As Union Finance Minister Nirmala Sitharaman prepares to present the first budget of the Narendra Modi government 3.0 on Tuesday (July 23), the sugar and ethanol industry is looking forward to crucial announcements that could significantly impact the economic and infrastructure landscape.
The sugar and ethanol industry, one of the key pillars of India’s agricultural economy, eagerly anticipates key announcements that could reshape their financial prospects. This year has presented challenges exacerbated by constraints on ethanol production and sugar exports. Consequently, stakeholders are calling for strategic government interventions to ensure stability and growth. Key demands from the industry include an increase in the Minimum Selling Price (MSP) for sugar, permission for sugar exports, a hike in ethanol procurement prices, and a reduction in Goods and Services Tax (GST) on flex-fuel vehicles. Additionally, support for sugarcane harvesters remains a critical expectation.

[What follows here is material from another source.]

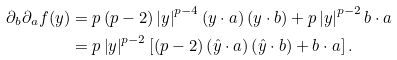Convert formula to latex. <formula><loc_0><loc_0><loc_500><loc_500>\partial _ { b } \partial _ { a } f ( y ) & = p \left ( p - 2 \right ) \left | y \right | ^ { p - 4 } \left ( y \cdot a \right ) \left ( y \cdot b \right ) + p \left | y \right | ^ { p - 2 } b \cdot a \\ & = p \left | y \right | ^ { p - 2 } \left [ \left ( p - 2 \right ) \left ( \hat { y } \cdot a \right ) \left ( \hat { y } \cdot b \right ) + b \cdot a \right ] .</formula> 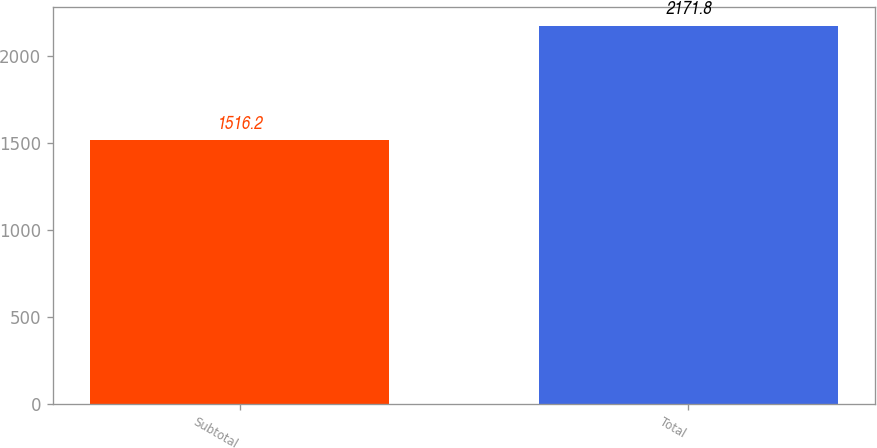Convert chart. <chart><loc_0><loc_0><loc_500><loc_500><bar_chart><fcel>Subtotal<fcel>Total<nl><fcel>1516.2<fcel>2171.8<nl></chart>

The government should strategically take steps to ensure that the industry remains on track from a financial perspective.
Due to the gap between the rising fair remunerative price (FRP) for sugarcane and the stagnant MSP, the government needs to address this imbalance, and raising the sugar MSP seems to be a solution for this. The sugar MSP has remained unchanged since 2019.
ISMA predicts a significant sugar surplus. According to the sugar body, the opening stock of around 56 lakh tonnes in October 2023, coupled with forecasted domestic consumption of nearly 285 lakh tonnes for the season, will result in a higher closing stock of 91 lakh tonnes by the end of September 2024. This estimated surplus, amounting to 36 lakh tonnes above the normative stock of 55 lakh tonnes, can potentially lead to additional costs for millers due to idle inventory and carrying costs. Therefore, the government should also allow sugar exports as it would enhance the financial liquidity of sugar mills and facilitate timely payments to cane farmers.
The grain-based ethanol industry claims to be facing an alarming situation due to various issues. Recently, the industry body, the Grain Ethanol Manufacturers Association (GEMA), sought immediate relief from the government. The government should address this issue as it will help boost ethanol production and meet the ethanol blending target of 20 percent by 2025.
The industry wants to bring the tax on flex-fuel vehicles on par with electric vehicles, which currently attract a tax of only 5 percent. If the government does so, it will accelerate the adoption of ethanol blending with petrol as fuel for automobiles. This move will directly contribute to reducing India’s fuel bill while simultaneously curbing carbon emissions from the transportation sector.
The budget holds immense promise for the sugar and ethanol industries, with stakeholders hopeful for comprehensive reforms that ensure their long-term financial stability and growth.